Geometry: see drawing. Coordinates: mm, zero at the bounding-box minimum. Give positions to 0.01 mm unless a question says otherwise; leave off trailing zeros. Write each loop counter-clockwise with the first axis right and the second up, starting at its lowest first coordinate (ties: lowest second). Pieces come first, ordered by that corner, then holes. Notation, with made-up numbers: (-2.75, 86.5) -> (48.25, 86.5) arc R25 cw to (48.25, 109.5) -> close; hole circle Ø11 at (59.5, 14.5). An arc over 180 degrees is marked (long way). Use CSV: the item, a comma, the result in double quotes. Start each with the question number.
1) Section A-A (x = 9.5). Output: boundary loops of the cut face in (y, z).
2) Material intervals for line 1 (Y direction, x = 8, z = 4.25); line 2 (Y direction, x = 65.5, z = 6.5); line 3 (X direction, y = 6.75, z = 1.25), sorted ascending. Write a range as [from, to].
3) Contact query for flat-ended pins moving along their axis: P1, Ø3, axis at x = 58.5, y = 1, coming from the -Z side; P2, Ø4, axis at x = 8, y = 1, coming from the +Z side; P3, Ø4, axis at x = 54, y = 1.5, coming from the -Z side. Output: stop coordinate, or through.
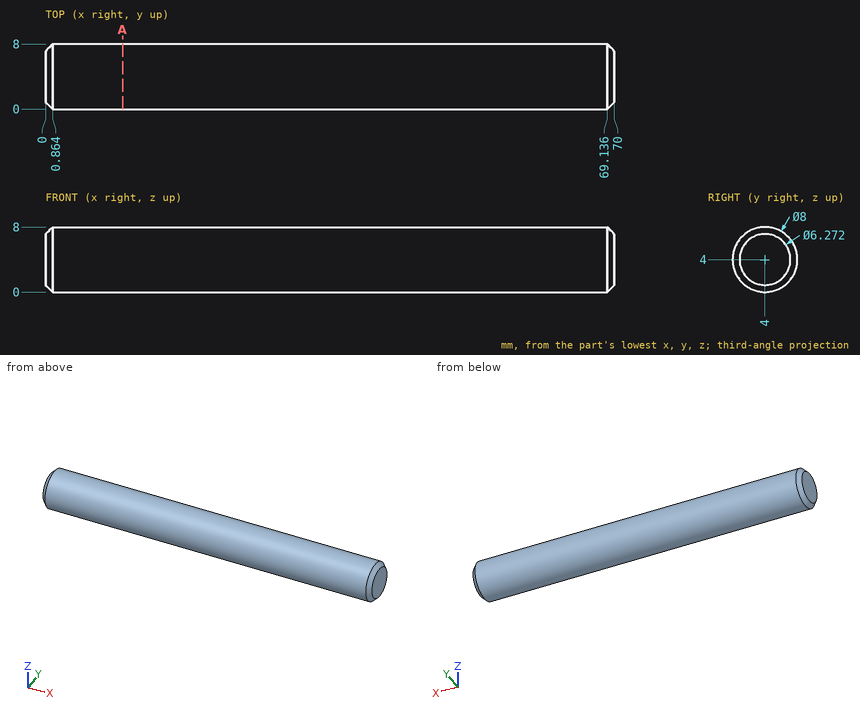
Answers follow:
1,outline,"circle Ø8 at (4, 4)"
2,line 1,"y = [0.01, 7.99]"
2,line 2,"y = [0.88, 7.12]"
2,line 3,"x = [0.75, 69.25]"
3,P1,"stops at z = 0.29"
3,P2,"stops at z = 7.87"
3,P3,"stops at z = 0.03"

Exercise description - Please report every line of the listing that contains the string "circle".

Answer below -
Geometry: see drawing. Coordinates: mm, zero at the bounding-box minimum. Give positions to 0.01 mm unless a question says otherwise; leave off trailing zeros. Write each loop counter-clockwise with the first axis right and the second up, starting at its lowest first coordinate (ties: lowest second). Pieces come first, ordered by that corner, then holes. Notation, with made-up numbers: (-2.75, 86.5) -> (48.25, 86.5) arc R25 cw to (48.25, 109.5) -> close; hole circle Ø11 at (59.5, 14.5). An arc over 180 degrees is marked (long way). Use CSV: the item, a comma, the result in double quotes. Start each with the question number.
1,outline,"circle Ø8 at (4, 4)"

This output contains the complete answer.